Fixed Deposit vs Debt Mutual Funds: Which offers better power of compounding to beat inflation?

With retail inflation again crossing the upper threshold, there is a growing concern among investors. In terms of returns, most investment instruments fall short of keeping up with rising inflation. Although in conventional investment methods like fixed deposits, and recurring deposits, the rate of interest has increased, the question remains whether the rate hikes are sufficient to beat inflation. In an exclusive interaction with Zee Business, Vijai Mantri, Co-Founder and Chief Investment Strategist at JRL Money, talked about how debt instruments can help beat inflation and generate better returns as compared to fixed deposits.

Why is compounding important? 

He stressed on the fact that inflation will continue to rise as the growth is also on an upward trend. In any economy, growth is always coupled with inflation. “Inflation will continue to grow as there is growth. If we look back, such inflation was inflation there, as the pace of growth back then was also not like present times,” added Mantri.

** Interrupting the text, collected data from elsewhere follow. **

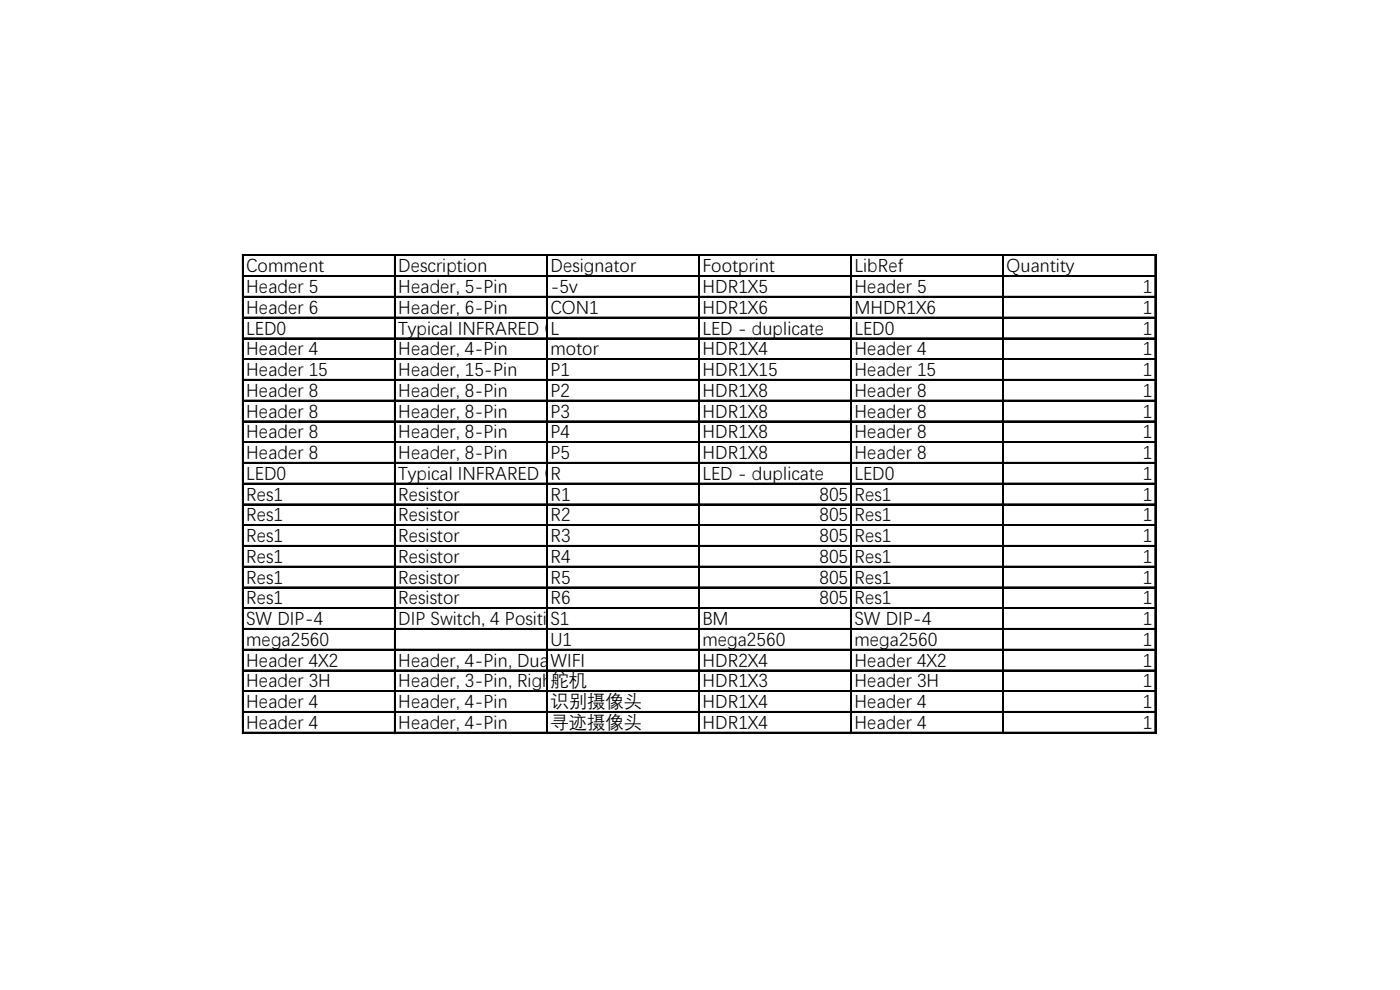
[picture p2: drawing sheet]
<svg xmlns="http://www.w3.org/2000/svg" width="297mm" height="210mm" viewBox="0 0 297 210" stroke-linecap="round" stroke-linejoin="round" font-family="sans-serif">
<defs><g id="words">
<g font-size="3.9">
<text x="52.2" y="57.5">Comment</text>
<text x="84.5" y="57.5">Description</text>
<text x="116.8" y="57.5">Designator</text>
<text x="149" y="57.5">Footprint</text>
<text x="181.3" y="57.5">LibRef</text>
<text x="213.6" y="57.5">Quantity</text>
<text x="52.2" y="61.9">Header 5</text>
<text x="84.5" y="61.9">Header, 5-Pin</text>
<text x="116.8" y="61.9">-5v</text>
<text x="149" y="61.9">HDR1X5</text>
<text x="181.3" y="61.9">Header 5</text>
<text x="242.4" y="61.9">1</text>
<text x="52.2" y="66.3">Header 6</text>
<text x="52.2" y="70.8">LED0</text>
<text x="84.5" y="66.3">Header, 6-Pin</text>
<text x="84.5" y="70.8">Typical INFRARED GaAs LED</text>
<text x="116.8" y="66.3">CON1</text>
<text x="116.8" y="70.8">L</text>
<text x="149" y="66.3">HDR1X6</text>
<text x="149" y="70.8">LED - duplicate</text>
<text x="181.3" y="66.3">MHDR1X6</text>
<text x="181.3" y="70.8">LED0</text>
<text x="242.4" y="66.3">1</text>
<text x="242.4" y="70.8">1</text>
<text x="52.2" y="75.2">Header 4</text>
<text x="84.5" y="75.2">Header, 4-Pin</text>
<text x="116.8" y="75.2">motor</text>
<text x="149" y="75.2">HDR1X4</text>
<text x="181.3" y="75.2">Header 4</text>
<text x="242.4" y="75.2">1</text>
<text x="52.2" y="79.6">Header 15</text>
<text x="52.2" y="84">Header 8</text>
<text x="84.5" y="79.6">Header, 15-Pin</text>
<text x="84.5" y="84">Header, 8-Pin</text>
<text x="116.8" y="79.6">P1</text>
<text x="116.8" y="84">P2</text>
<text x="149" y="79.6">HDR1X15</text>
<text x="149" y="84">HDR1X8</text>
<text x="181.3" y="79.6">Header 15</text>
<text x="181.3" y="84">Header 8</text>
<text x="242.4" y="79.6">1</text>
<text x="242.4" y="84">1</text>
<text x="52.2" y="88.4">Header 8</text>
<text x="84.5" y="88.4">Header, 8-Pin</text>
<text x="116.8" y="88.4">P3</text>
<text x="149" y="88.4">HDR1X8</text>
<text x="181.3" y="88.4">Header 8</text>
<text x="242.4" y="88.4">1</text>
<text x="52.2" y="92.8">Header 8</text>
<text x="84.5" y="92.8">Header, 8-Pin</text>
<text x="116.8" y="92.8">P4</text>
<text x="149" y="92.8">HDR1X8</text>
<text x="181.3" y="92.8">Header 8</text>
<text x="242.4" y="92.8">1</text>
<text x="52.2" y="97.2">Header 8</text>
<text x="52.2" y="101.6">LED0</text>
<text x="84.5" y="97.2">Header, 8-Pin</text>
<text x="84.5" y="101.6">Typical INFRARED GaAs LED</text>
<text x="116.8" y="97.2">P5</text>
<text x="116.8" y="101.6">R</text>
<text x="149" y="97.2">HDR1X8</text>
<text x="149" y="101.6">LED - duplicate</text>
<text x="181.3" y="97.2">Header 8</text>
<text x="181.3" y="101.6">LED0</text>
<text x="242.4" y="97.2">1</text>
<text x="242.4" y="101.6">1</text>
<text x="52.2" y="106">Res1</text>
<text x="84.5" y="106">Resistor</text>
<text x="116.8" y="106">R1</text>
<text x="173.8" y="106">805</text>
<text x="181.3" y="106">Res1</text>
<text x="242.4" y="106">1</text>
<text x="52.2" y="110.4">Res1</text>
<text x="84.5" y="110.4">Resistor</text>
<text x="116.8" y="110.4">R2</text>
<text x="173.8" y="110.4">805</text>
<text x="181.3" y="110.4">Res1</text>
<text x="242.4" y="110.4">1</text>
<text x="52.2" y="114.8">Res1</text>
<text x="52.2" y="119.2">Res1</text>
<text x="84.5" y="114.8">Resistor</text>
<text x="84.5" y="119.2">Resistor</text>
<text x="116.8" y="114.8">R3</text>
<text x="116.8" y="119.2">R4</text>
<text x="173.8" y="114.8">805</text>
<text x="173.8" y="119.2">805</text>
<text x="181.3" y="114.8">Res1</text>
<text x="181.3" y="119.2">Res1</text>
<text x="242.4" y="114.8">1</text>
<text x="242.4" y="119.2">1</text>
<text x="52.2" y="123.6">Res1</text>
<text x="84.5" y="123.6">Resistor</text>
<text x="116.8" y="123.6">R5</text>
<text x="173.8" y="123.6">805</text>
<text x="181.3" y="123.6">Res1</text>
<text x="242.4" y="123.6">1</text>
<text x="52.2" y="128">Res1</text>
<text x="84.5" y="128">Resistor</text>
<text x="116.8" y="128">R6</text>
<text x="173.8" y="128">805</text>
<text x="181.3" y="128">Res1</text>
<text x="242.4" y="128">1</text>
<text x="52.2" y="132.4">SW DIP-4</text>
<text x="52.2" y="136.8">mega2560</text>
<text x="84.5" y="132.4">DIP Switch, 4 Position, SPST</text>
<text x="116.8" y="132.4">S1</text>
<text x="116.8" y="136.8">U1</text>
<text x="149" y="132.4">BM</text>
<text x="149" y="136.8">mega2560</text>
<text x="181.3" y="132.4">SW DIP-4</text>
<text x="181.3" y="136.8">mega2560</text>
<text x="242.4" y="132.4">1</text>
<text x="242.4" y="136.8">1</text>
<text x="52.2" y="141.2">Header 4X2</text>
<text x="84.5" y="141.2">Header, 4-Pin, Dual row</text>
<text x="116.8" y="141.2">WIFI</text>
<text x="149" y="141.2">HDR2X4</text>
<text x="181.3" y="141.2">Header 4X2</text>
<text x="242.4" y="141.2">1</text>
<text x="52.2" y="145.6">Header 3H</text>
<text x="84.5" y="145.6">Header, 3-Pin, Right Angle</text>
<text x="116.8" y="145.6">舵机</text>
<text x="149" y="145.6">HDR1X3</text>
<text x="181.3" y="145.6">Header 3H</text>
<text x="242.4" y="145.6">1</text>
<text x="52.2" y="150">Header 4</text>
<text x="52.2" y="154.4">Header 4</text>
<text x="84.5" y="150">Header, 4-Pin</text>
<text x="84.5" y="154.4">Header, 4-Pin</text>
<text x="116.8" y="150">识别摄像头</text>
<text x="116.8" y="154.4">寻迹摄像头</text>
<text x="149" y="150">HDR1X4</text>
<text x="149" y="154.4">HDR1X4</text>
<text x="181.3" y="150">Header 4</text>
<text x="181.3" y="154.4">Header 4</text>
<text x="242.4" y="150">1</text>
<text x="242.4" y="154.4">1</text>
</g>
</g></defs>
<g fill="none" stroke="#000" stroke-width=".21">
<path d="M51.4 54v101.6M51.8 54h193.5M51.8 58.4h193.5M83.7 54.4v101.2M115.9 54.4v101.2M148.2 54.4v101.2M180.5 54.4v101.2M212.7 54.4v101.2M245 54.4v101.2M51.8 62.9h193.5M51.8 67.3h193.5M51.8 71.7h193.5"/>
<path d="M51.8 76.1h193.5M51.8 80.5h193.5M51.8 84.9h193.5M51.8 89.3h193.5M51.8 93.7h193.5M51.8 98.1h193.5M51.8 102.5h193.5M51.8 106.9h193.5M51.8 111.3h193.5M51.8 115.7h193.5M51.8 120.1h193.5M51.8 124.5h193.5"/>
<path d="M51.8 128.9h193.5M51.8 133.3h193.5M51.8 137.7h193.5M51.8 142.1h193.5M51.8 146.5h193.5M51.8 150.9h193.5M51.8 155.3h193.5"/>
</g>
<g fill="none" stroke="#000" stroke-width=".34">
<path d="M51.6 54v101.7M51.7 54.2h193.6M51.7 58.6h193.6M83.8 54.4v101.3M116.1 54.4v101.3M148.4 54.4v101.3M180.6 54.4v101.3M212.9 54.4v101.3M245.1 54.4v101.3M51.7 63h193.6M51.7 67.4h193.6M51.7 71.8h193.6"/>
<path d="M51.7 76.2h193.6M51.7 80.6h193.6M51.7 85h193.6M51.7 89.4h193.6M51.7 93.8h193.6M51.7 98.2h193.6M51.7 102.6h193.6M51.7 107h193.6M51.7 111.4h193.6M51.7 115.8h193.6M51.7 120.3h193.6M51.7 124.7h193.6"/>
<path d="M51.7 129.1h193.6M51.7 133.5h193.6M51.7 137.9h193.6M51.7 142.3h193.6M51.7 146.7h193.6M51.7 151.1h193.6"/>
</g>
<path d="M51.7 155.5h193.6" fill="none" stroke="#000" stroke-width=".35"/>
<use href="#words"/>
</svg>

Inflation is compound in nature, so one needs such options in investments as well so that it gets compounded automatically.

“We participate in the growth in the form of spending and expenses. And although there are options available to beat inflation, we explore only the traditional methods of investment,” he added.

Debt vs FD: Which one to choose?

The financial advisor asserted that debt mutual funds can only generate inflation-beating returns with their compounding nature. In debt funds, returns are generated during the inflation. Suppose the inflation is 6 per cent, then the debt will generate returns of 5.30 -6.30 per cent.

“Neither in FD nor in tax-free bonds nor in NCD this sort of automatic compounding can be generated. Debt mutual funds are the only instruments that help in automatic compounding at par with inflation,” he said.

He highlighted the fact that investors tend to refrain from investing in debt mutual funds as there is a tendency to check the historical returns data.

“The investors need not delve deeper to check out the returns of a debt instrument in the last five or 10 years. Because when we invest in FD we don’t look at what has been the returns previously,” the co-founder of JRL Money averred.

He suggested that the ideal way should be to check the returns on an FD in a given tenure and what would be the returns on debt funds for the same maturity period. 

“If an FD gives you returns of 6% every year, then you need to check what will be the returns on money market funds or ultra short-term funds. It will be around or above 7 per cent,” he summed up.